Another departure from its primordial ancestor is that this isn’t a sprawling, multi-season experience that ends in a film spinoff where the King comes to visit. Instead it’s a six-episode one-shot miniseries – a nice little self-contained slice of a simpler time when people rode horses, did opium, and could go outside.

 

4. Mrs. America | April 15

You still see plenty of ink splashed and voices raised over the interminable, endless gender debate – should men do this? Are women like that? What about everyone else? Go to any well-stocked online comment section and you’ll get enough of it for ten lifetimes. But most people, in the first world at any rate, will now be proceeding from a starting point that men and women should enjoy equal rights under the law.

So to see a show based on Phyllis Schlafly, a woman who campaigned against just that seems like a period piece further removed from the modern day than even Belgravia up above – and more than that, a great surprise coming from the entertainment industry, huge parts of which are engaged in an arms race to be woker than thou. The show will of course be showing both sides of the argument, but Schlafly is the main character – and would they hire Cate Blanchett to play a two-dimensional villain caricature? Well, possibly, but if they do she’d better be hamming it up as a truly insufferable bastard.

 

5. The Midnight Gospel | April 20

At the best of times, Adventure Time was only ever pretending to be a show for children, rather than 20-something cartoonheads who liked things getting mildly psychedelic.

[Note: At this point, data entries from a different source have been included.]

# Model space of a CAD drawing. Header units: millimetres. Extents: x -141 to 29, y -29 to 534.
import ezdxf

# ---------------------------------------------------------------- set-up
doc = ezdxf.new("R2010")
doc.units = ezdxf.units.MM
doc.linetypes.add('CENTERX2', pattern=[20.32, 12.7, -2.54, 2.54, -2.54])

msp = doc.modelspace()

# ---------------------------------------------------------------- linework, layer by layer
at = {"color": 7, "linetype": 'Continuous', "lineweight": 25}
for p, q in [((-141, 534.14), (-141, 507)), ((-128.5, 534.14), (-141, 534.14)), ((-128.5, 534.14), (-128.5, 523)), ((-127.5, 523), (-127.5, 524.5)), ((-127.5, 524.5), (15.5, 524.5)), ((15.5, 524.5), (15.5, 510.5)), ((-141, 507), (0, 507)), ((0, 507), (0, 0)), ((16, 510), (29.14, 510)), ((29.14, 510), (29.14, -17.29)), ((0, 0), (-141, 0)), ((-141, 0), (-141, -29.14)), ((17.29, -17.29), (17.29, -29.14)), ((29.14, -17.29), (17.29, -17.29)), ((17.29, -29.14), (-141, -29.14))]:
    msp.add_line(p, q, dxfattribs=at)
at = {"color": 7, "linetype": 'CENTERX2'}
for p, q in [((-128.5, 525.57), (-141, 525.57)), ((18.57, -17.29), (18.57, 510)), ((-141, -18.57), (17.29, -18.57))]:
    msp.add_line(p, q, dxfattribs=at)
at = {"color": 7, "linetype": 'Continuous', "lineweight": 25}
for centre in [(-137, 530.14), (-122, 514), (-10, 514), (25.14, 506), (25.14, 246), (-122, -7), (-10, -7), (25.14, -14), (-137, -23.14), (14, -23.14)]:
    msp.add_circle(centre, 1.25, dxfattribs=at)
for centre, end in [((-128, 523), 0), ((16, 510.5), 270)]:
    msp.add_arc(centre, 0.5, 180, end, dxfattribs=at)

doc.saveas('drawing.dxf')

Now, its creator Pendleton Ward gets to rip the mask off with The Midnight Gospel, which embraces the same sort of wiggly, dreamy style of art and animation.

The other half of the project comes from comedian/podcaster Duncan Trussell. It’s billed as a loose, probably very loose, adaptation of his podcast – so yes, this has taken the dangerously indulgent step of having a podcaster as the protagonist. Rather than the usual burbling about recreational drugs and wild animals though, here their USP is that they interview beings from dying worlds. If it had been commissioned a little more recently I’d say it was too on-the-nose.